4. Download and install Bowtie2 + TopHat2
-----------------------------------------

(a) Download the latest pre-compiled binary of Bowtie2 from

      http://sourceforge.net/projects/bowtie-bio/files/bowtie2/

    The version that was used in May 2013 for generating the data in this
    package is the 2.1.0 version for 64-bit Linux (i.e. file
    bowtie2-2.1.0-linux-x86_64.zip) downloaded from:

      http://sourceforge.net/projects/bowtie-bio/files/bowtie2/2.1.0/

(b) Download the latest pre-compiled binary of TopHat2 from

      http://tophat.cbcb.umd.edu/tutorial.shtml

    The version that was used in May 2013 for generating the data in this
    package is the 2.0.8b version for 64-bit Linux (i.e. file
    tophat-2.0.8b.Linux_x86_64.tar.gz) downloaded from:

      http://tophat.cbcb.umd.edu/downloads/
 
(c) Extract them in your home. Make sure the executables located in
    ~/bowtie2-2.1.0/ and ~/tophat-2.0.8b.Linux_x86_64/ are in your PATH.
    Create the Bowtie indexes subdirectory with:

      mkdir ~/bowtie2-2.1.0/indexes

5. Create Bowtie2 index for hg19
--------------------------------

This took about 2h on rhino02:

  cd ~/E-MTAB-1147/tmp_downloads
  wget http://hgdownload.soe.ucsc.edu/goldenPath/hg19/bigZips/chromFa.tar.gz
  tar zxvf chromFa.tar.gz
  hg19_seqnames=`cat $SCRIPTS_DIR/hg19_seqnames.txt`
  reference_in=""
  for seqname in $hg19_seqnames; do
      file=${seqname}.fa
      if [ "$reference_in" == "" ]; then
          reference_in="$file"
      else
          reference_in="$reference_in,$file"
      fi
  done
  bowtie2-build $reference_in hg19

This produces 6 files: hg19.1.bt2, hg19.2.bt2, hg19.3.bt2, hg19.4.bt2,
                       hg19.rev.1.bt2, hg19.rev.2.bt2

Move them to the Bowtie indexes subdirectory with:

  mv -i hg19.*.bt2 ~/bowtie2-2.1.0/indexes

Test that the index is properly installed:

  export BOWTIE2_INDEXES=~/bowtie2-2.1.0/indexes
  bowtie2 -c hg19 GTTTTAGTAGAGACAAGGTCTCACTGTGCTGCCCTGGTGGGTCTCAAATTCCTGA

6. Align the reads
------------------

There are 8 sequencing runs in this experiment so we're going to fire 1
instance of TopHat2 per run.

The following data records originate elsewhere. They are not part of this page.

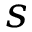<formula> <loc_0><loc_0><loc_500><loc_500>s</formula> 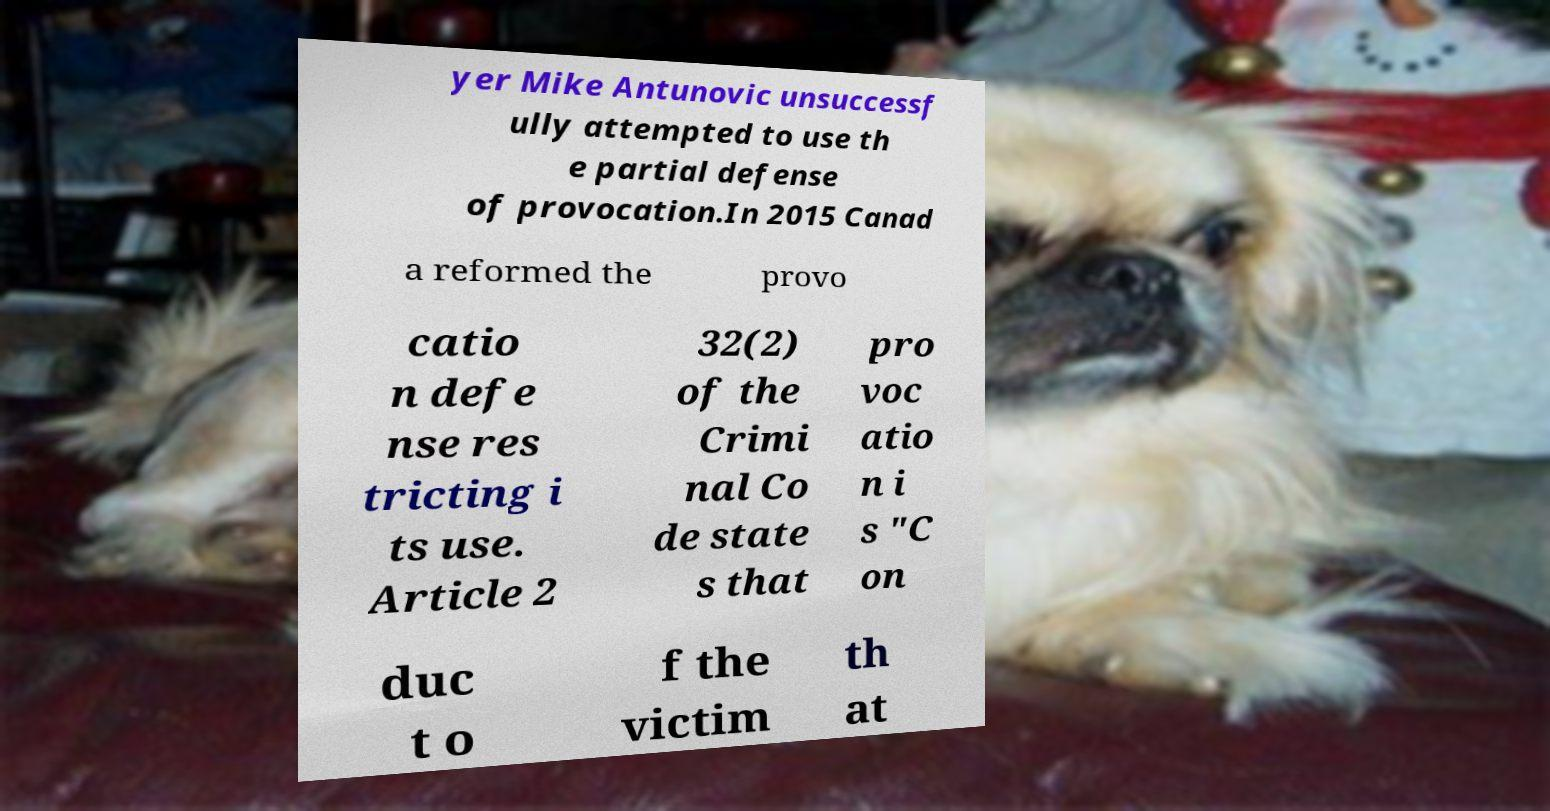I need the written content from this picture converted into text. Can you do that? yer Mike Antunovic unsuccessf ully attempted to use th e partial defense of provocation.In 2015 Canad a reformed the provo catio n defe nse res tricting i ts use. Article 2 32(2) of the Crimi nal Co de state s that pro voc atio n i s "C on duc t o f the victim th at 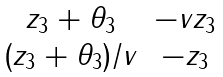<formula> <loc_0><loc_0><loc_500><loc_500>\begin{matrix} z _ { 3 } + \theta _ { 3 } & - v z _ { 3 } \\ ( z _ { 3 } + \theta _ { 3 } ) / v & - z _ { 3 } \end{matrix}</formula> 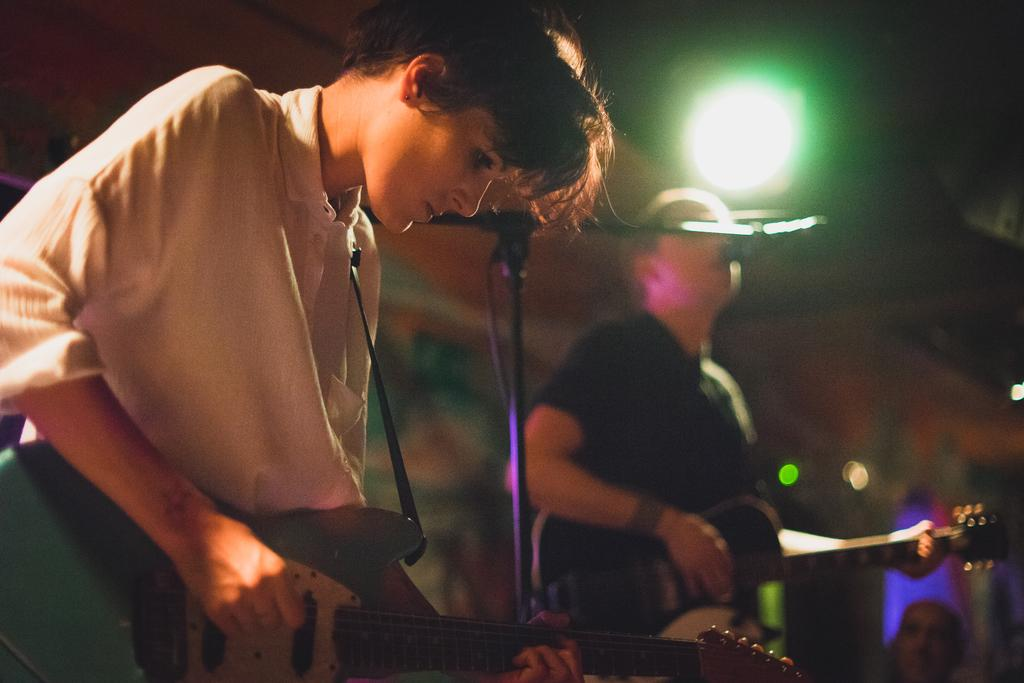What is the lady in the image doing? The lady is playing a guitar in the image. What can be seen near the lady? There is a mic stand in the image. What is the person in the image doing? The person is singing and playing a guitar. Can you describe the lighting in the image? There is a light in the image. What type of rice is being cooked on the stage in the image? There is no rice or stage present in the image. 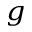<formula> <loc_0><loc_0><loc_500><loc_500>_ { g }</formula> 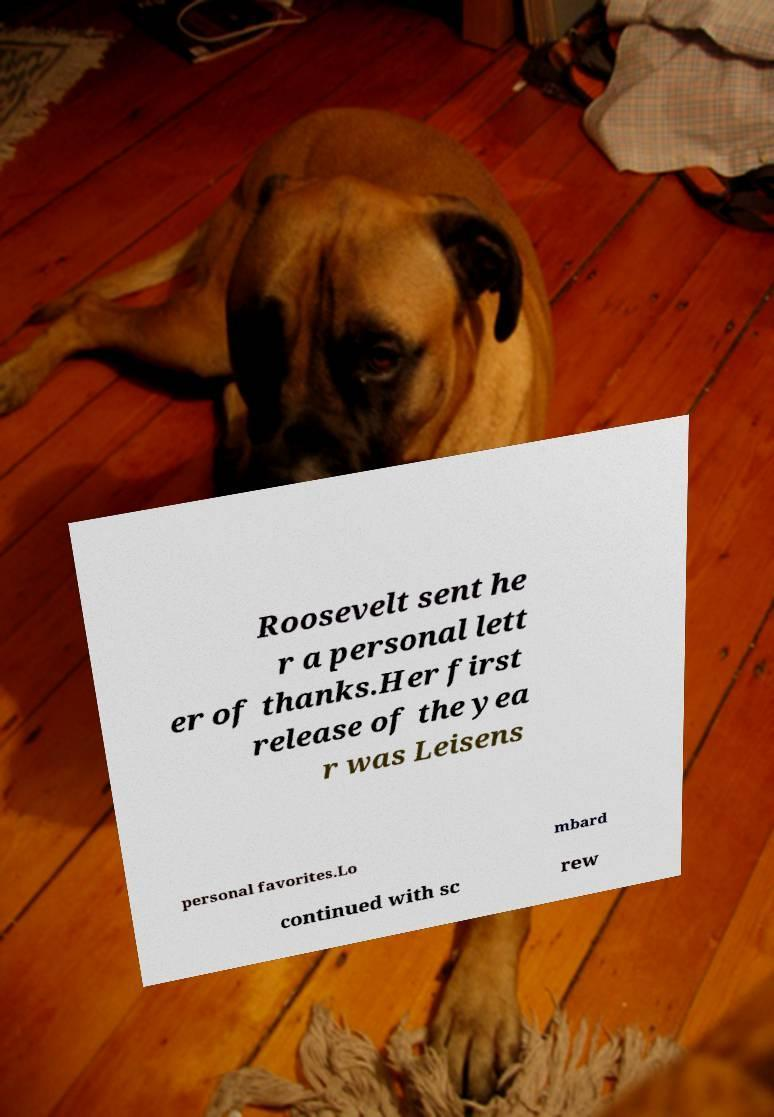Can you accurately transcribe the text from the provided image for me? Roosevelt sent he r a personal lett er of thanks.Her first release of the yea r was Leisens personal favorites.Lo mbard continued with sc rew 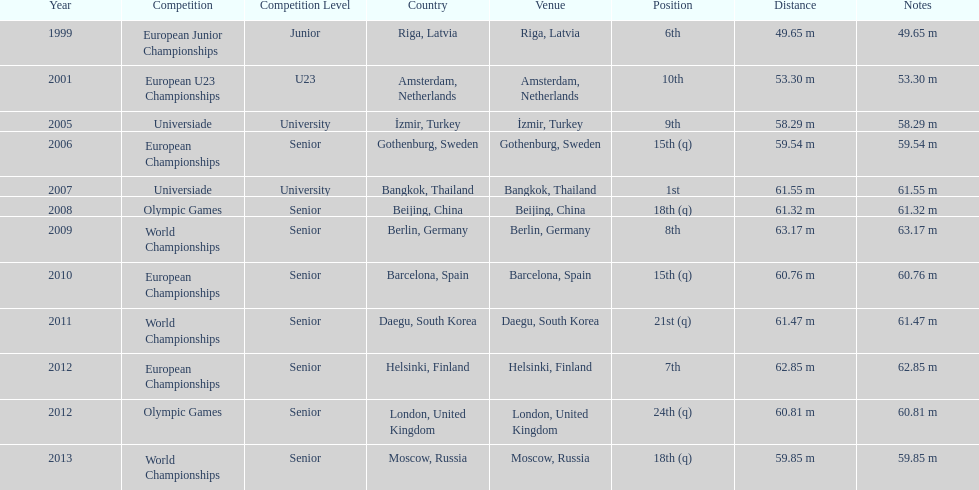Which was the most recent event he competed in before the 2012 olympic games? European Championships. 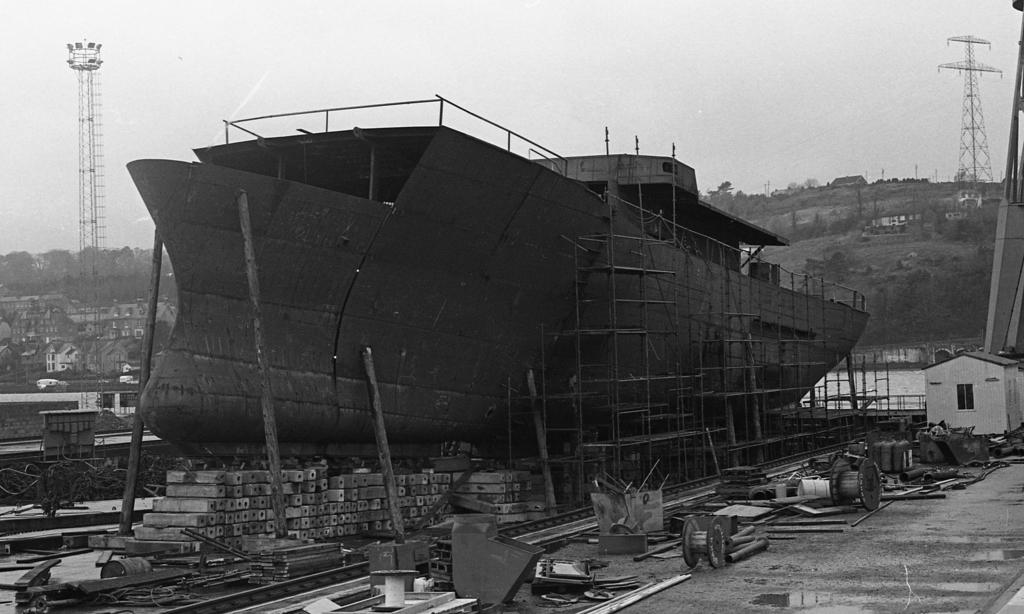What is the main subject of the image? The main subject of the image is a boat. What is located beside the boat? There are wooden sticks beside the boat. What can be seen in the background of the image? There are trees, buildings, and towers in the background of the image. How many dogs are present in the image? There are no dogs present in the image. Is there a goat visible in the image? There is no goat visible in the image. 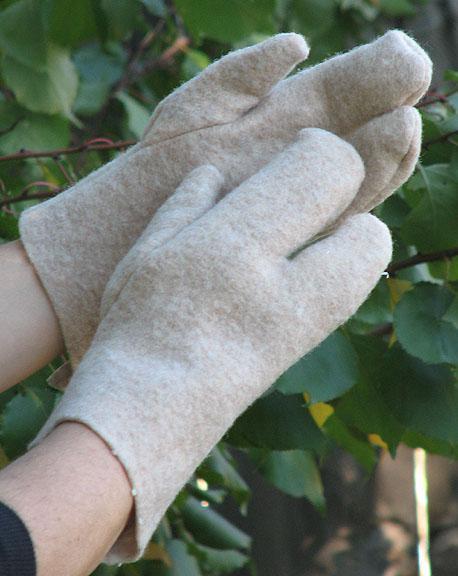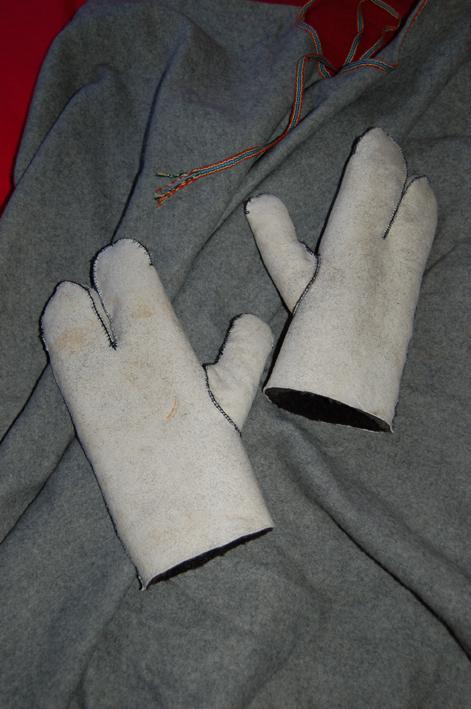The first image is the image on the left, the second image is the image on the right. Examine the images to the left and right. Is the description "only ONE of the sets of gloves is green." accurate? Answer yes or no. No. 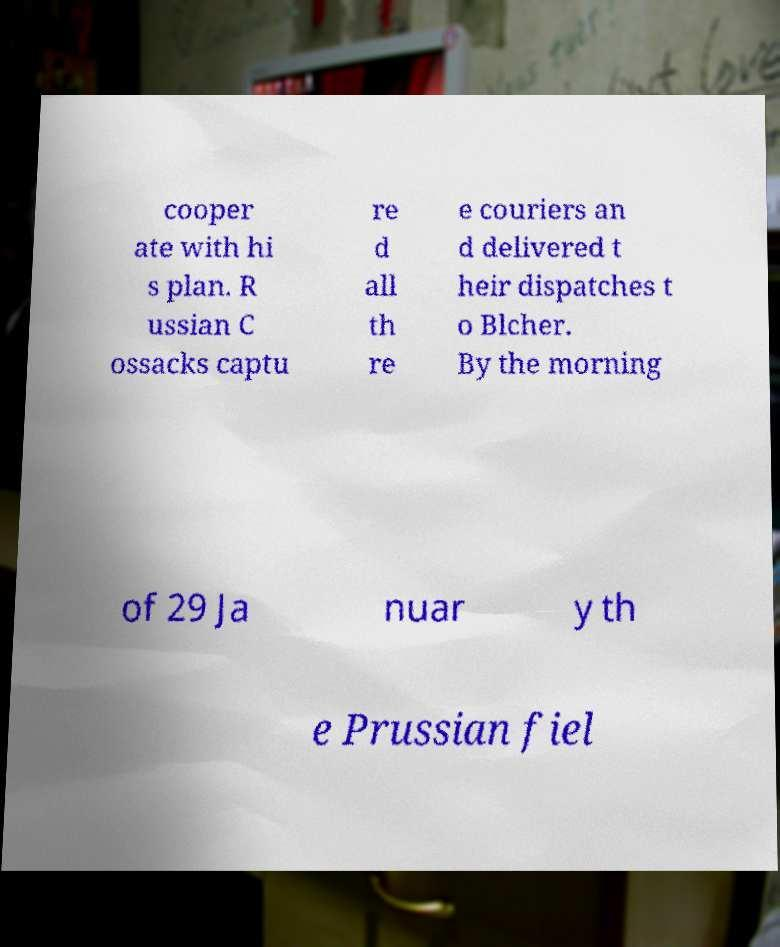What messages or text are displayed in this image? I need them in a readable, typed format. cooper ate with hi s plan. R ussian C ossacks captu re d all th re e couriers an d delivered t heir dispatches t o Blcher. By the morning of 29 Ja nuar y th e Prussian fiel

Each instance of TopHat2 will write its output
to a folder under ~/E-MTAB-1147/tophat2_out
Have a look at the start-tophat2-on-all-runs.sh script and make any necessary
adjustements to it. Then run it with:

  cd ~/E-MTAB-1147
  $SCRIPTS_DIR/start-tophat2-on-all-runs.sh

The script will exit almost instantly after starting the tophat2 commands
in the background. You can log out and come back any time to the server to
check how things are going e.g. with:

  cd ~/E-MTAB-1147
  tail tophat2-*.log

Or with:

  tail -f tophat2-ERR127306.log

to follow the output of 1 TopHat2 instance in real-time.

Depending on your hardware, it should take between 20h and 3 or 4 days for
the 8 TopHat2 instances to complete.

7. Extract the alignments located on chr14
------------------------------------------

We do this for the 8 BAM files produced in step 6:

  cd ~/E-MTAB-1147
  R --vanilla <$SCRIPTS_DIR/subset_bam_chr14.R

This will produce 16 files: 1 <run_name>_chr14.bam and 1
<run_name>_chr14.bam.bai file per sequencing run. Those are the files
located in the extdata/ folder of the RNAseqData.HNRNPC.bam.chr14 package.